If you start the demo environment from scratch, errors are reported for the adservice.

What is the expected behavior?

Either:

  1. The demo environment doesn't generate errors by default - currently how the documentation reads: https://opentelemetry.io/docs/demo/#scenarios
  2. The demo environment does generate errors by default but these errors are documented and thus expected.

What is the actual behavior?

The adservice generates errors by default yet the documentation seems to indicate you must enable scenarios to generate errors and other problems.

Reproduce

Provide the minimum required steps to result in the issue you're observing.

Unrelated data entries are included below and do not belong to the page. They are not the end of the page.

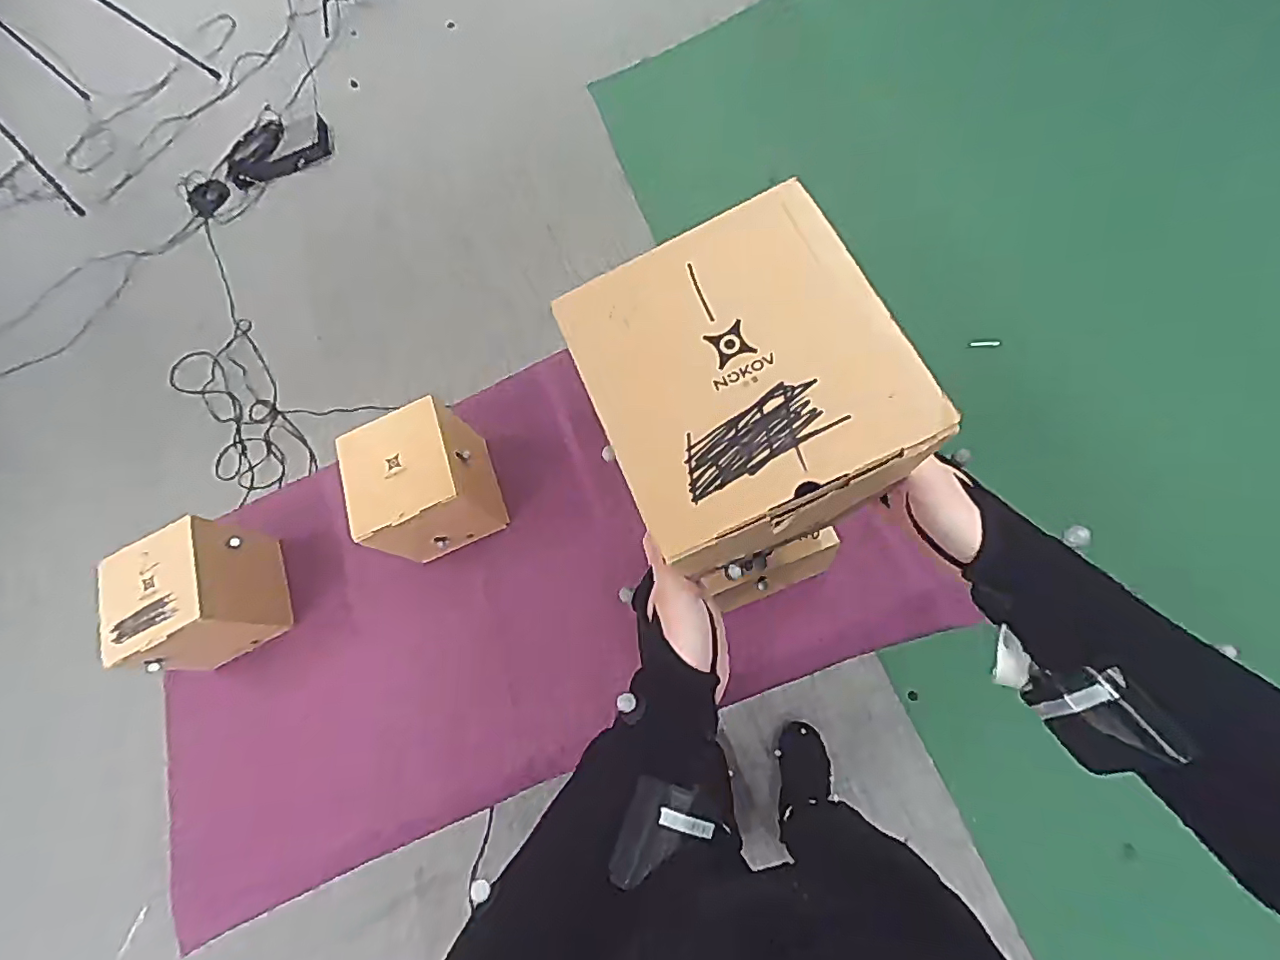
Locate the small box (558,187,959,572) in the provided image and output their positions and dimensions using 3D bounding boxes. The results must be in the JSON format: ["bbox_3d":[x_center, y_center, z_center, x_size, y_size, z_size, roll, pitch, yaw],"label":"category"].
[{"bbox_3d":[0.070,-0.045,0.373,0.168,0.176,0.179,-25,73,4],"label":"small box"}]

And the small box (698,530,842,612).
[{"bbox_3d":[0.143,0.059,0.717,0.168,0.176,0.179,-23,66,5],"label":"small box"}]

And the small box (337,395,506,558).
[{"bbox_3d":[-0.333,0.003,0.845,0.168,0.176,0.179,-23,69,3],"label":"small box"}]

We will close this issue if:

  • The steps you provided are complex.
  • If we can not reproduce the behavior you're reporting.

Additional Context

Logs messages for adservice will show: ad-service | 2024-06-23 15:11:51 - oteldemo.AdService - GetAds Failed with status Status{code=UNAVAILABLE, description=null, cause=null} trace_id=d963f87608e1ab611dee31ef9ac29860 span_id=84ce83545d6852bb trace_flags=01

src/flagd/demo.flagd.json shows:

    "adServiceFailure": {
      "description": "Fail ad service",
      "state": "ENABLED",
      "variants": {
        "on": true,
        "off": false
      },
      "defaultVariant": "off",
      "targeting": {
        "fractional": [
          ["on", 10],
          ["off", 90]
        ]
      }
    },

The problem is off which should be set to 100 by default

flands avatar Jun 23 '24 19:06 flands

Cart service also needs to be updated. We should do them both in the same PR that follows a format noted in this comment

puckpuck avatar Jun 27 '24 21:06 puckpuck

Actually I've tried the solution mentioned by @beeme1mr and everything broke.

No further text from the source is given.